Auch das zweite Spiel konnte unter Peter Stöger gegen die TSG 1899 Hoffenheim mit 2:1 gewonnen werden. Kapitän Marcel Schmelzer erklärte, Stöger habe den Spielern eingeimpft, nicht so einfach Gegentore herzuschenken – hinten müsse die Null stehen. Zwar ist das Arbeitspapier des 51-Jährigen nur bis Saisonende datiert, jedoch ist es möglich, dass dieses bei einer erfolgreichen Rückrunde verlängert wird.
Nachholbedarf in der Abwehr
Der BVB muss definitiv in der Abwehr nachbessern. 21 Gegentore allein in den acht sieglosen Partien, dazu (mit Ausnahme dem Spiel gegen Mainz) seit September in der Liga nicht mehr zu Null gespielt. Neuzugang Ömer Toprak brachte nicht die erhoffte Ruhe und Stabilität in die Abwehr der Dortmunder. Mit Yerry Mina haben die Dortmunder bereits das Objekt der Begierde auserkoren. Der 23-jährige Kolumbianer möchte den nächsten Schritt in seiner Karriere machen und nach Europa wechseln. Jedoch steht einem Wechsel der FC Barcelona im Weg. Dieser hat ein Vorkaufsrecht auf den jungen Innenverteidiger.
Fazit der Hinrunde
Dank des perfekten Starts des neuen Trainers Peter Stöger schloss der BVB die Hinrunde, mit einem Zähler mehr als in der Vorsaison, auf Rang drei ab. Nach der heftigen Krise, die die Dortmunder nach dem besten Start der bisherigen Vereinsgeschichte erwischt und den erst im Sommer verpflichteten Trainer Peter Bosz das Amt gekostet hatte, kommt die Platzierung einem Wunder gleich.

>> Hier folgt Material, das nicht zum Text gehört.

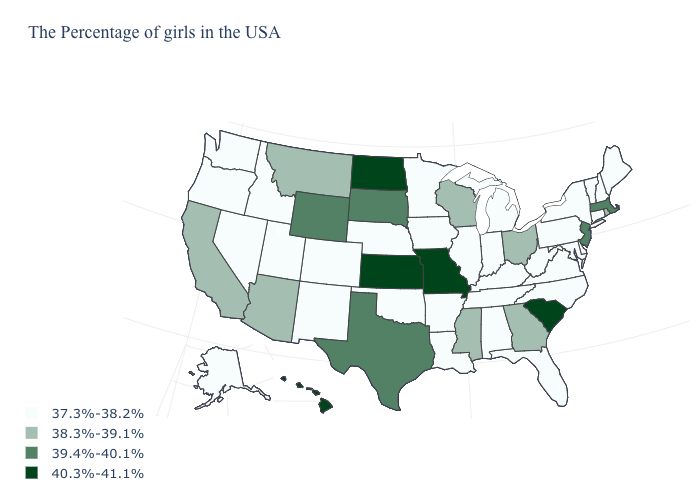Which states have the lowest value in the USA?
Give a very brief answer. Maine, New Hampshire, Vermont, Connecticut, New York, Delaware, Maryland, Pennsylvania, Virginia, North Carolina, West Virginia, Florida, Michigan, Kentucky, Indiana, Alabama, Tennessee, Illinois, Louisiana, Arkansas, Minnesota, Iowa, Nebraska, Oklahoma, Colorado, New Mexico, Utah, Idaho, Nevada, Washington, Oregon, Alaska. How many symbols are there in the legend?
Answer briefly. 4. What is the value of New Hampshire?
Write a very short answer. 37.3%-38.2%. Does the first symbol in the legend represent the smallest category?
Short answer required. Yes. Does Montana have a lower value than Washington?
Answer briefly. No. What is the value of Oregon?
Quick response, please. 37.3%-38.2%. Does the first symbol in the legend represent the smallest category?
Keep it brief. Yes. What is the value of Mississippi?
Give a very brief answer. 38.3%-39.1%. Name the states that have a value in the range 37.3%-38.2%?
Answer briefly. Maine, New Hampshire, Vermont, Connecticut, New York, Delaware, Maryland, Pennsylvania, Virginia, North Carolina, West Virginia, Florida, Michigan, Kentucky, Indiana, Alabama, Tennessee, Illinois, Louisiana, Arkansas, Minnesota, Iowa, Nebraska, Oklahoma, Colorado, New Mexico, Utah, Idaho, Nevada, Washington, Oregon, Alaska. Name the states that have a value in the range 38.3%-39.1%?
Write a very short answer. Rhode Island, Ohio, Georgia, Wisconsin, Mississippi, Montana, Arizona, California. Does Hawaii have the lowest value in the USA?
Give a very brief answer. No. Is the legend a continuous bar?
Short answer required. No. What is the lowest value in the USA?
Keep it brief. 37.3%-38.2%. Name the states that have a value in the range 39.4%-40.1%?
Concise answer only. Massachusetts, New Jersey, Texas, South Dakota, Wyoming. 
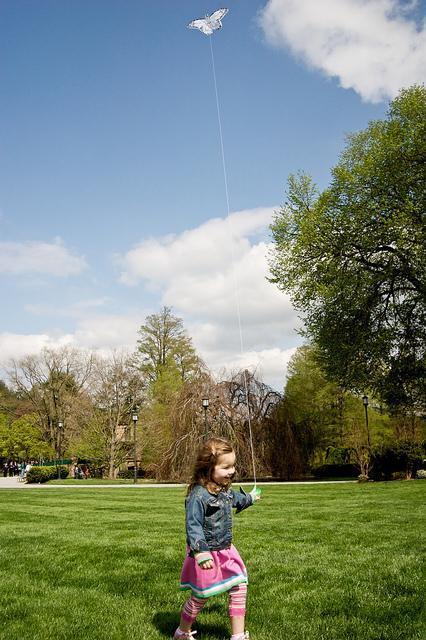How many children are visible?
Give a very brief answer. 1. How many people are there?
Give a very brief answer. 1.

Weniger gut sieht es dagegen in den Pokalwettbewerben aus: Achtelfinal-Aus im DFB-Pokal, „Abstieg“ in die Europa-League als schlechtester Champions-League-Dritter. In der Abwehr muss zudem nachgebessert werden. Mit 23 Gegentoren besitzt man die fünftschlechteste Abwehr der Bundesliga.